On 20 February 2008, the channel moved from FTN's old slots on channels 153 and 154 on Sky and took over Bravo's slots on channels
121 and 122, which were placed higher up on the EPG. The next day, the channel went on to achieve its highest ratings thus far, with the season premiere of Terminator: The Sarah Connor Chronicles which secured a 4.2% share of multi-channel viewers.

On 27 April 2009, it was announced that Virgin1 (on Freeview) would move from multiplex D to multiplex A, allowing the channel to broadcast 24 hours a day. Its vacated slot was used to launch a time-shifted version of the channel which broadcast from 18:00 to 06:00. In Wales, it was only available from 09:00 to 19:00, with the +1 service only available from 19:00.

First Virgin1 logo

On 14 May 2009, Virgin Media Television announced plans to revamp the channel. On 9 June 2009, it underwent a rebranding with new idents, break bumpers and onscreen identity. As part of the rebrand, a mascot called Red was introduced, a puppet character from the creator of the ITV Digital Monkey.

On 20 October 2009, the channel reduced its hours on Freeview to 09:00 – 03:00, allowing Tease Me TV to launch. The revocation of TMTV's licence in November 2010 freed up the bandwidth it used from Channel One, but it was left vacant until the closure of the channel.

From 30 October 2009, the channel briefly aired TNA iMPACT! at 21:00 (which was also shown on sister channel Bravo at the time). This was the first time wrestling has been aired on free television in the UK since 2001.

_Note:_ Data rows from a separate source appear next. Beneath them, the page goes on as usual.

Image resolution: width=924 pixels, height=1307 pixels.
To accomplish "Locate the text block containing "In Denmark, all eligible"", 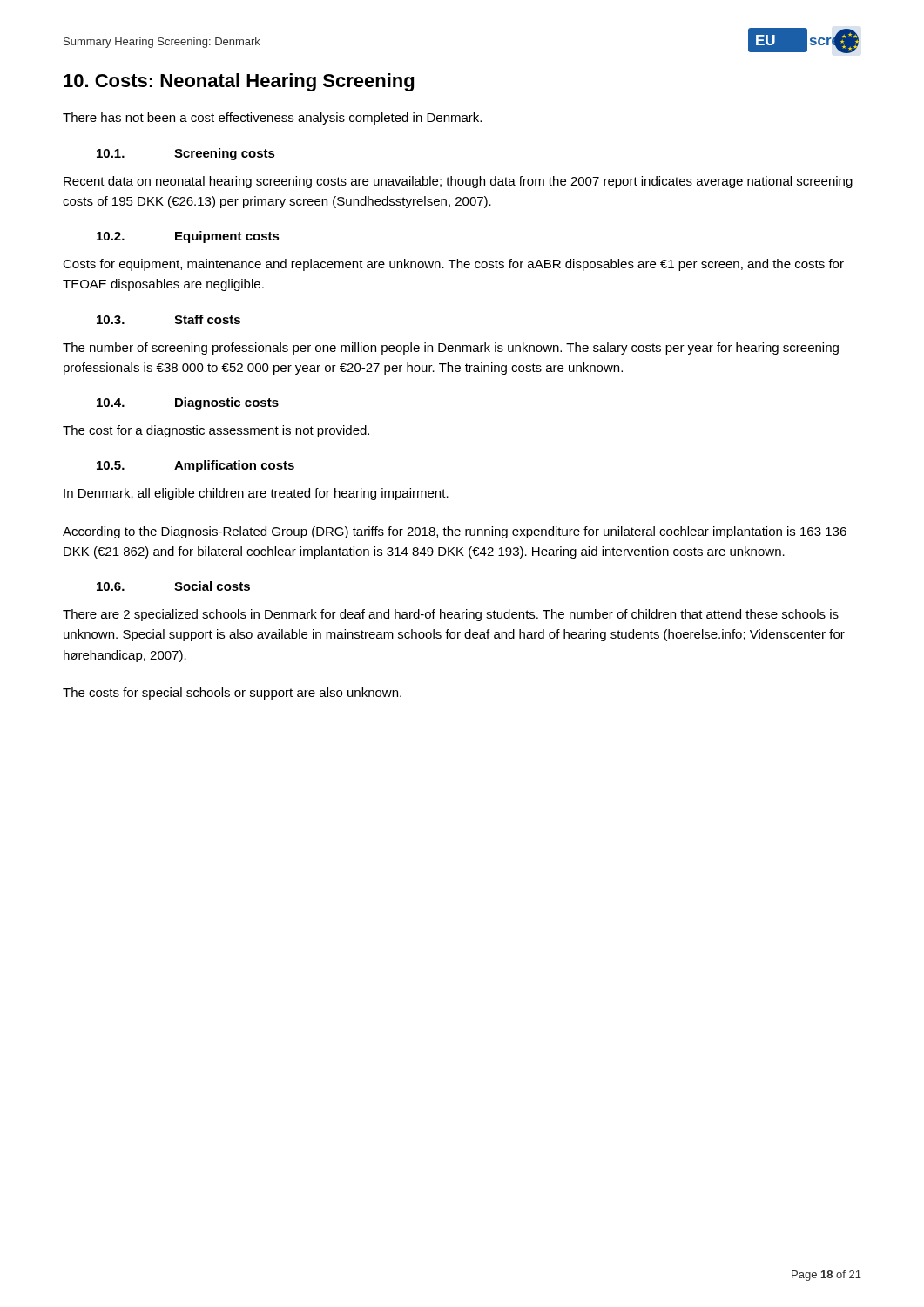I will 256,493.
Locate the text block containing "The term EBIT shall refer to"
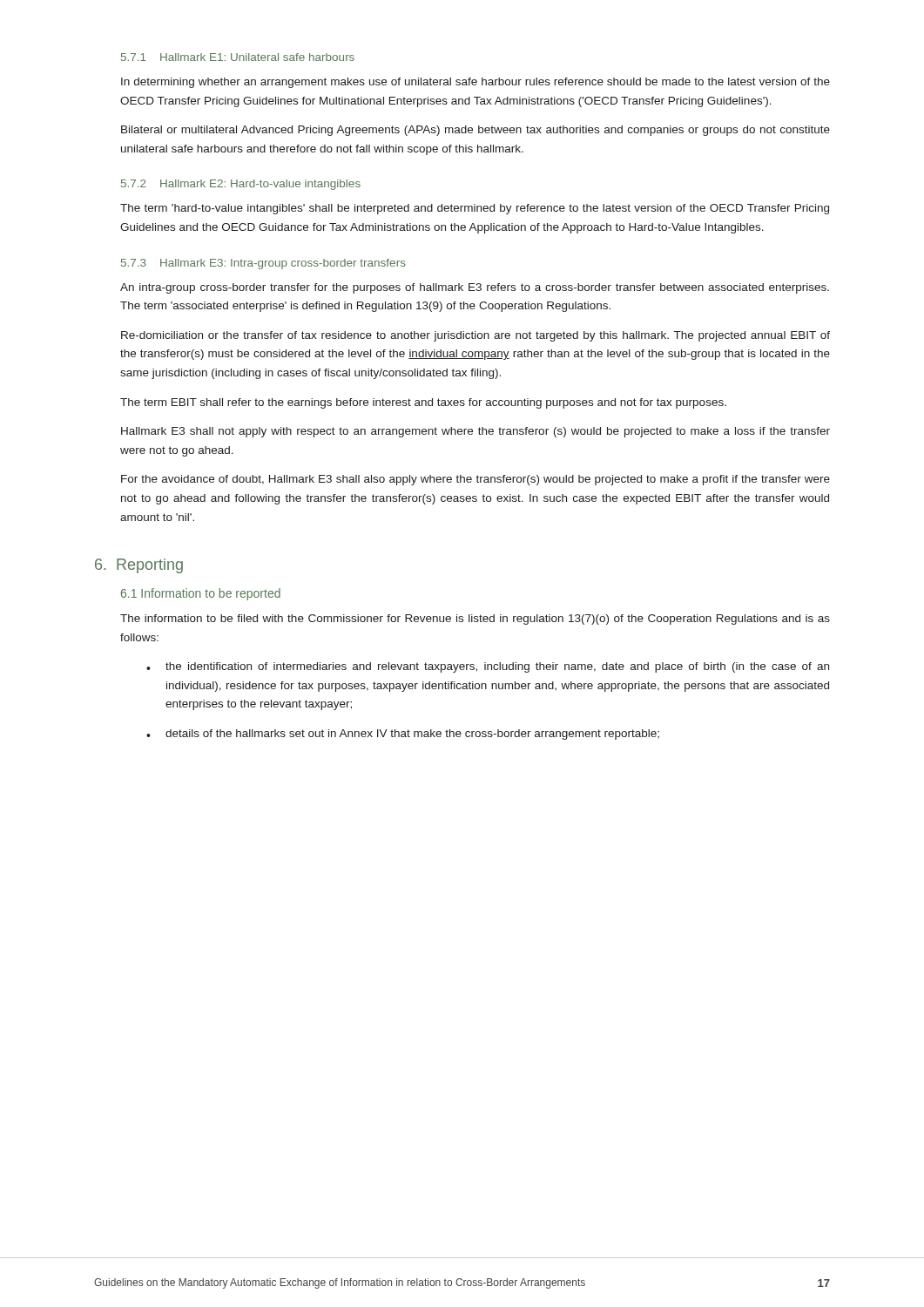The width and height of the screenshot is (924, 1307). [424, 402]
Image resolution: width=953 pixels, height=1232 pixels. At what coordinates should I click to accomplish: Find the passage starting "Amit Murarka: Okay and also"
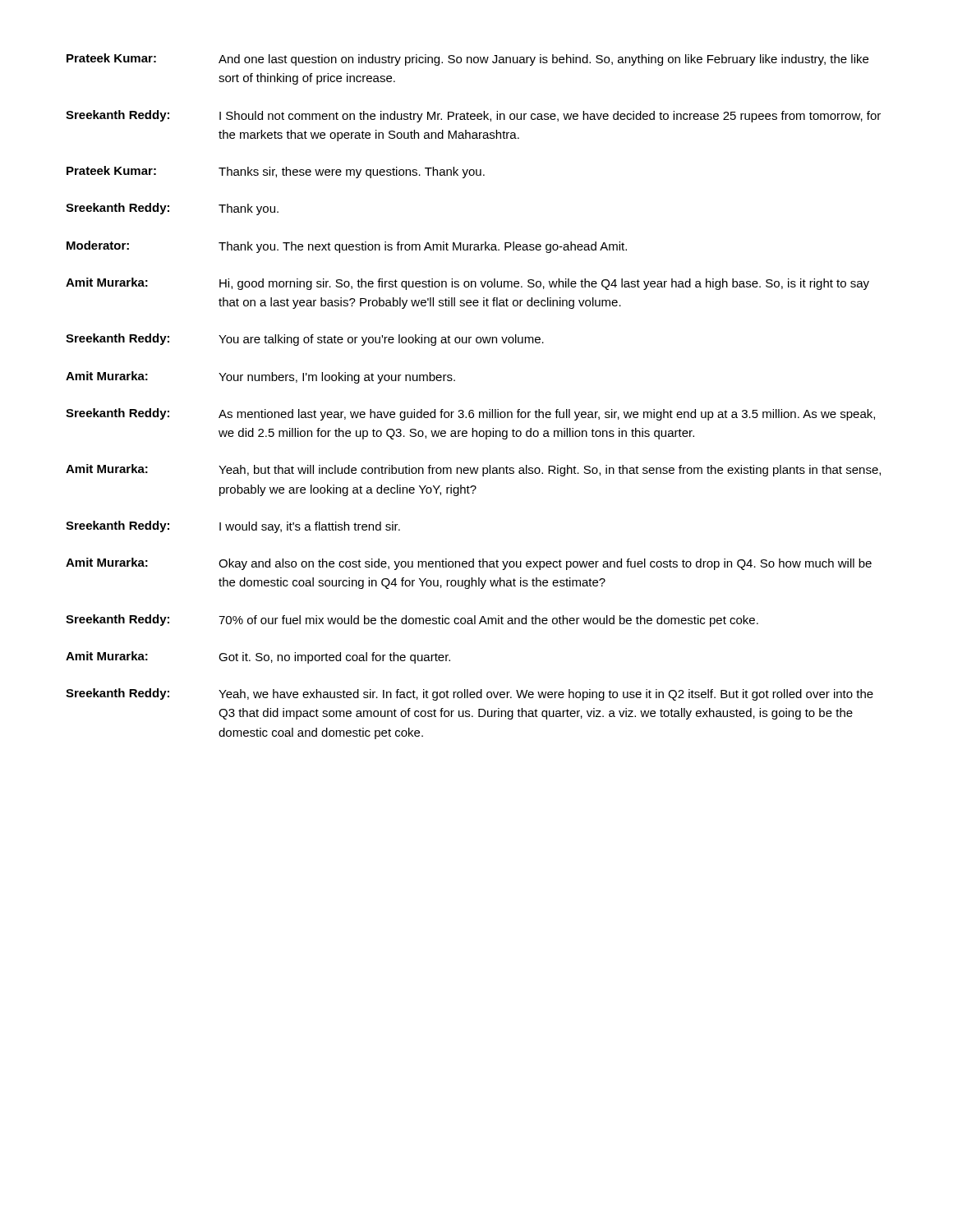click(x=476, y=573)

On 1 June 2010, the time-shifted version of the channel ceased broadcasting on Freeview channel 35, allowing Yesterday to extend its broadcast hours. The time-shifted service continued to operate on satellite and cable platforms, between 04:00 and 01:00 daily (the live Challenge Jackpot simulcast on Virgin1 between 00:00 and 03:00 was not timeshifted).

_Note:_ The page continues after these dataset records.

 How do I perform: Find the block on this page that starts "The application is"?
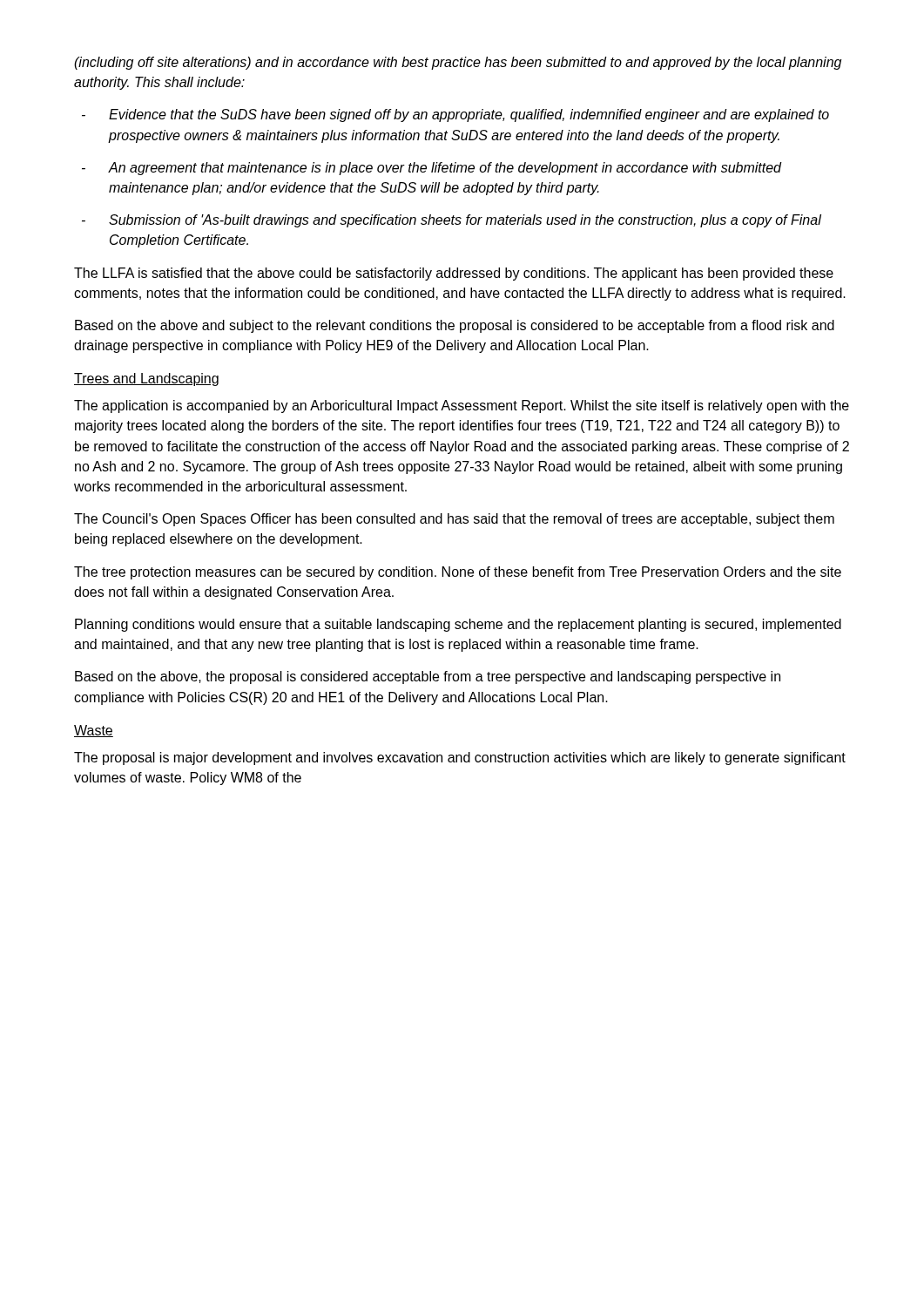462,446
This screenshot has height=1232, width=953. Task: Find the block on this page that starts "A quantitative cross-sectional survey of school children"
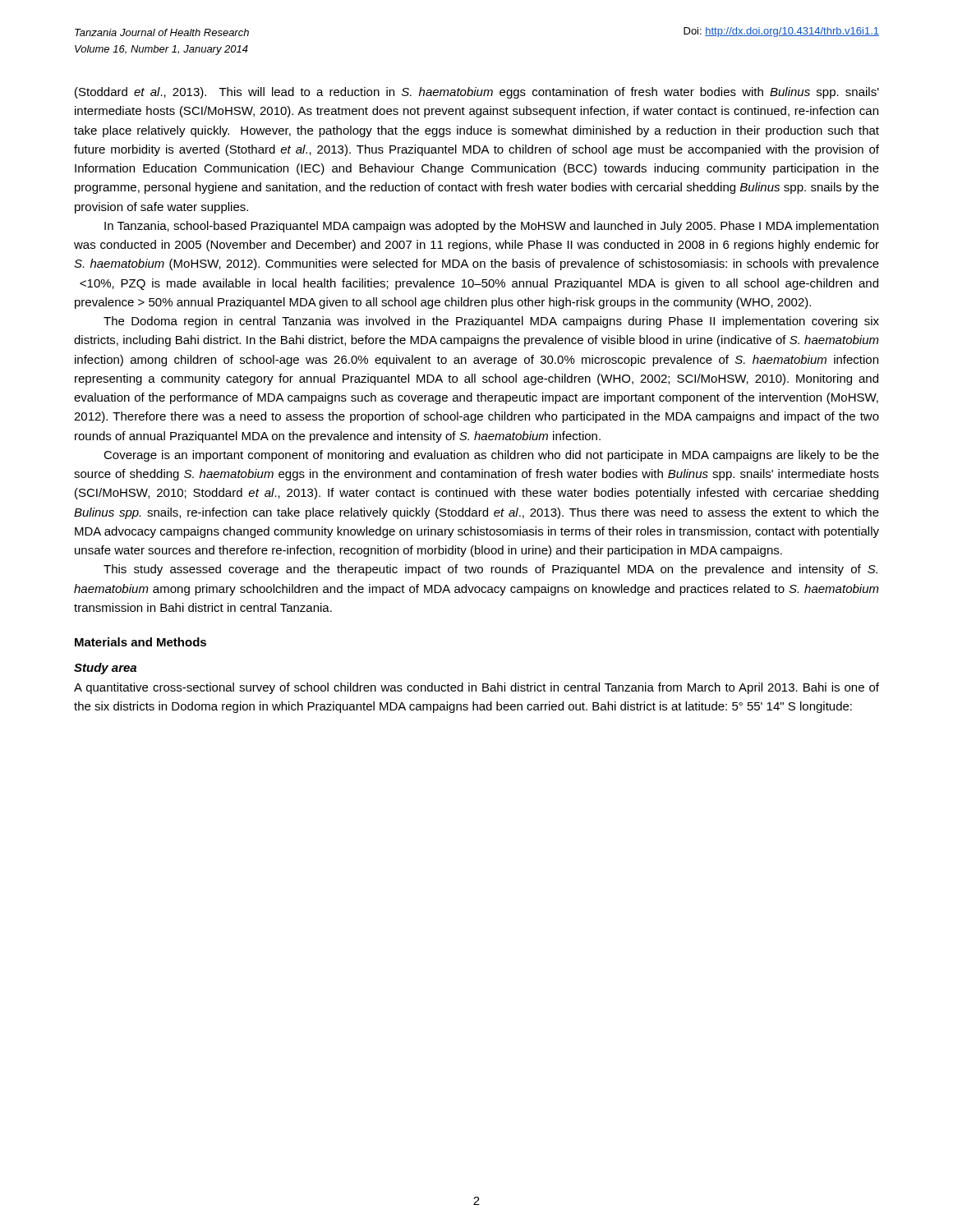tap(476, 697)
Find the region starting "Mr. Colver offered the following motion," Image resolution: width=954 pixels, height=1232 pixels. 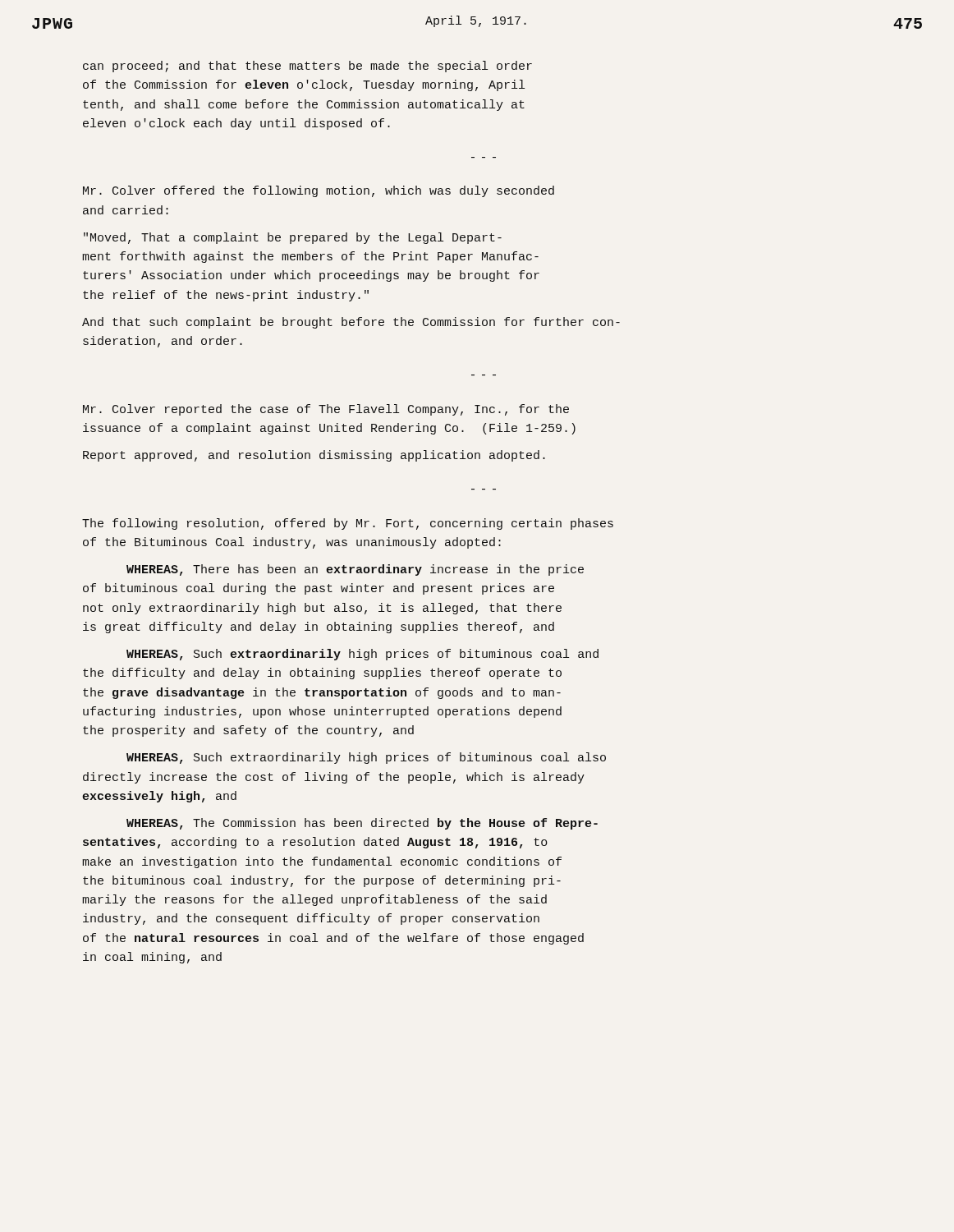485,202

=== Sky purchase and Channel One rebrand ===

Channel One logo

On 4 June 2010, British Sky Broadcasting and Virgin Media announced that they had reached an agreement for the acquisition by Sky of Virgin Media Television. Virgin1 was also a part of the deal, but was rebranded as Channel One on 3 September 2010, as the Virgin name wasn't licensed to Sky.

=== Closure ===

On 15 September 2010, BSkyB announced that it would close Channel One and its sister channels Bravo and Bravo 2. Sky, having carried out a review of the VMTV channels, found that Channel One was too similar to Sky3, with which it sat alongside as a free to air channel on Freeview. Challenge would utilise Channel One's former Freeview slot, and receive a large boost in its programming budget. At 06:00 on 1 February 2011, Channel One ceased broadcasting on all platforms; the last programme being an episode of Star Trek: Enterprise. Since its closure, many programmes, including sci-fi and drama programming, were incorporated into Sky's free-to-air channel, Pick TV (a rebranding from Sky3), whilst premium programming was moved to Sky's pay TV channels.

== Most watched broadcasts ==
The following is a list of the ten most watched shows on Channel One, based on Live +7 data supplied by BARB up to 18 October 2010.

| Rank | Show | Episode | Number of viewers | Date |
|---|---|---|---|---|
| 1 | Terminator: The Sarah Connor Chronicles | 1.01 – "Pilot" | 764,000 | 21 February 2008 |
| 2 | Warehouse 13 | 1.01 – "Pilot" | 570,000 | 8 April 2010 |
| 3 | Warehouse 13 | 1.02 – "Resonance" | 555,000 | 15 April 2010 |
| 4 | V | 1.01 – "Pilot" | 541,000 | 11 October 2010 |
| 5 | V | 1.02 – "There is No Normal Anymore" | 495,000 | 18 October 2010 |
| 6 | Warehouse 13 | 1.04 – "Claudia" | 479,000 | 29 April 2010 |
| 7 | Terminator: The Sarah Connor Chronicles | 1.03 – "The Turk" | 463,000 | 6 March 2008 |
| 8 | Terminator: The Sarah Connor Chronicles | 1.05 – "Queen's Gambit" | 450,000 | 20 March 2008 |
| 9 | Terminator: The Sarah Connor Chronicles | 1.02 – "Gnothi Seauton" | 446,000 | 28 February 2008 |
| 10 | Terminator: The Sarah Connor Chronicles | 1.04 – "Heavy Metal" | 445,000 | 13 March 2008 |

== Programming ==

The schedule for Virgin1 consisted of a mixture of British and American comedy, drama and factual programming, both acquired and commissioned. The channel was pitched between male-targeted channel Bravo and female-targeted channel Living. In addition to exclusive content, Virgin1 also showed some content from Living, Bravo and Challenge.